Work may not be the panacea

Christina Patterson’s article, The best prescription for mental health? Sometimes it’s just a job (Opinion in brief, 26 February) is at odds with the UK’s “fit for work” tests that were last November linked to 590 extra suicides and hundreds of thousands of additional antidepressant prescriptions. She quotes a study, commissioned by the British government in 2005, which claimed that work was “the most effective way to improve the wellbeing of individuals”.

No doubt this is true of some kinds of work. But what about jobs that are continually stressful, in which one feels over-reached yet never good enough and always insecure, perhaps subject to nonstop surveillance? Jobs that have no space for personal wisdom or creativity but merely require one to follow the rules, to be a facet of the corporate image, and that, after a full day’s work, a long commute, then family and domestic responsibilities, leave no time or energy for oneself?

An awful lot of jobs are like this. Little wonder that people feel suicidal rather than “fit for work”, or fulfilled by it.
Julie Telford
Haut Rhin, France

Preserved by sugar

It comes as no surprise that there have been changes in eating habits in Britain since the 1970s (Goodbye fish and chips, 26 February).

My mother-in-law recently passed away. While clearing her house, we came across her Co-op grocery book for the 1950s and 1960s. It contained her weekly grocery order for the family – two parents and two sons. The first item each week was 8lbs (3.6kg) of sugar! None of us could believe that the family could have consumed that much every week.

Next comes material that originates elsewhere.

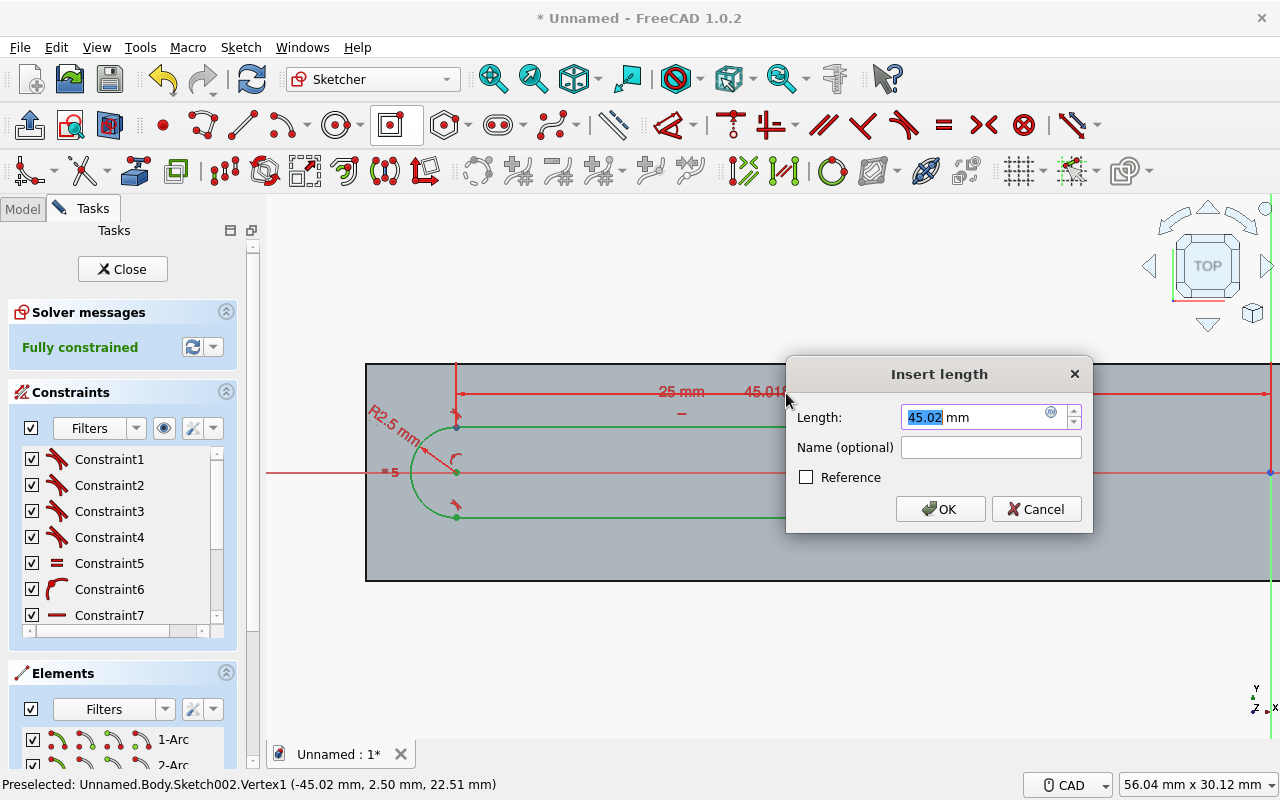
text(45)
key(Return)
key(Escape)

Some calculations were in order: my mother-in-law drank nine cups of tea a day (just one more than the current average, it seems). In each cup of tea, she put two spoons of sugar. We have her sugar spoon and weighed 18 spoonfuls of sugar on our digital scale: 85g. Each day at breakfast, she covered her cornflakes with a heaped dessertspoon of sugar and she also had a sugar-laden cup of Camp “coffee” each morning. Another ounce of sugar, for a weekly total of 800g of sugar in drinks and cereal alone – for just one person. Of course, there were also fruit pies, custard and rice puddings. We soon understood that it was possible to account for the amount of sugar she purchased each week.

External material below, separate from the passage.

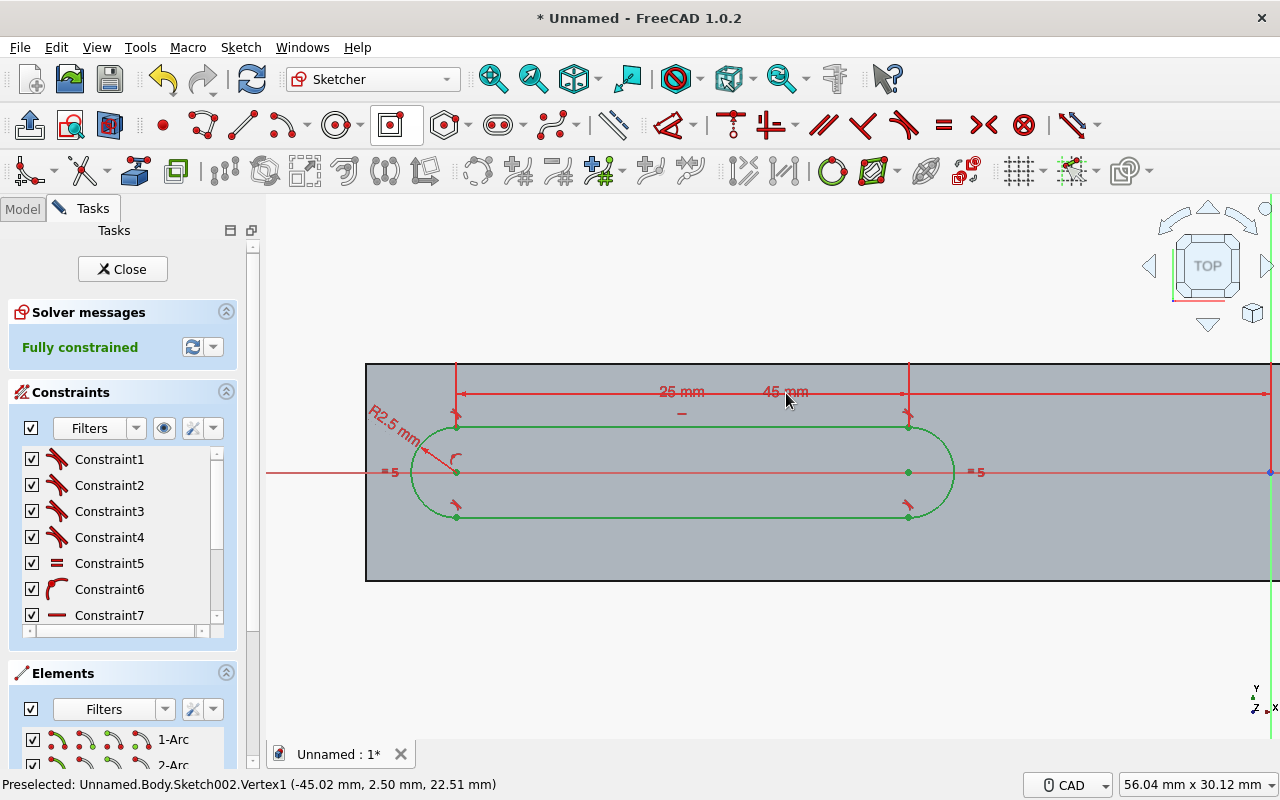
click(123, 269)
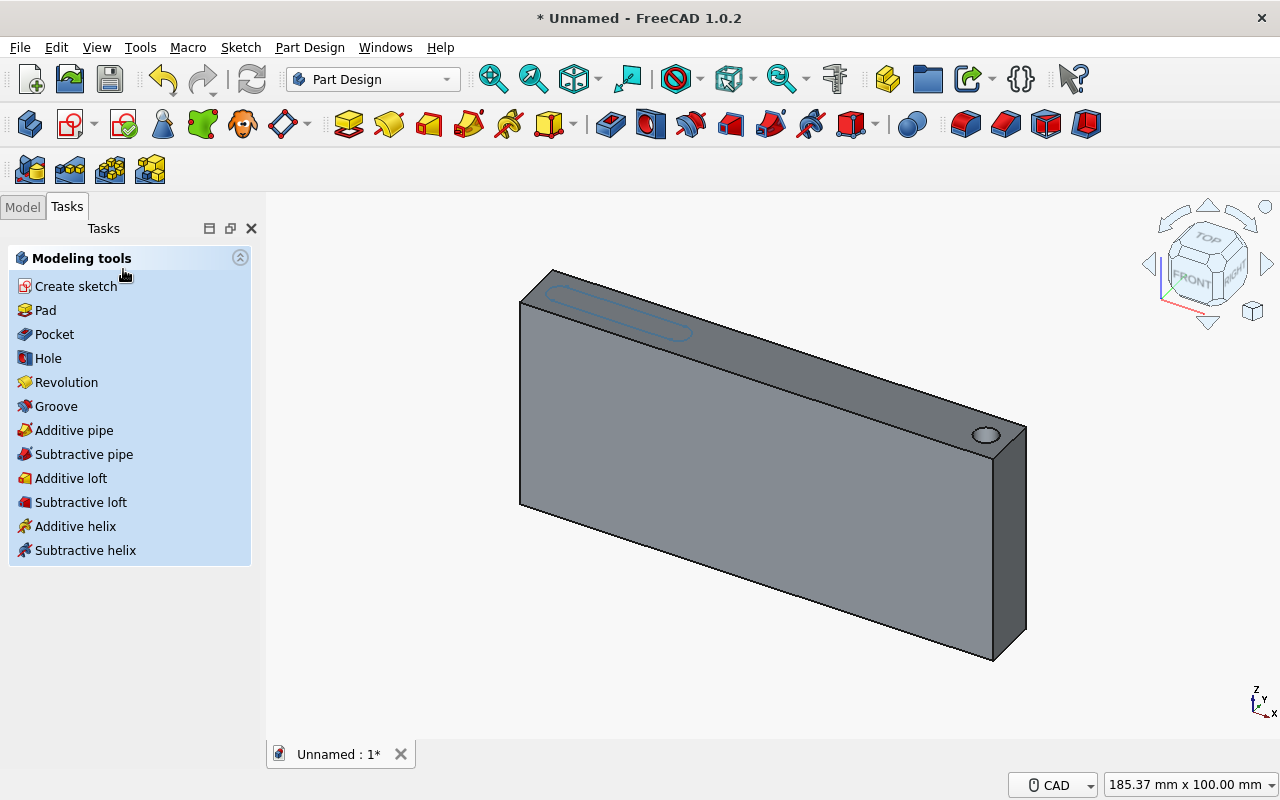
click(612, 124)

Needless to say, our sugar consumption is much lower. However, it is important to note that my mother-in-law was 98 when she passed away. Perhaps her sugar consumption “preserved” her very well.
Avril Taylor
Dundas, Ontario, Canada

Bread and butter for the left

Owen Jones is right to suggest that increased economic insecurity has fuelled the rise of youth movements on the political left (12 February).

However, the decimation of the middle class is also fuelling support for the extreme right. Tellingly, Jones does not consider this. It is my sense that the left is too complacent in thinking that the any disadvantaged person – young or otherwise – will naturally gravitate to support their position over time.

The key question voters ask is, “why is my situation not improving, and who is to blame?” If the problem is considered to be structural, supporting the left is a natural response. But my feeling is that there are many poor and disaffected people who gravitate to the right because they perceive the problem to be at an individual level. They ask, “why should hard-working people like me who are already struggling be taxed more to help out people who refuse to work hard for a living?”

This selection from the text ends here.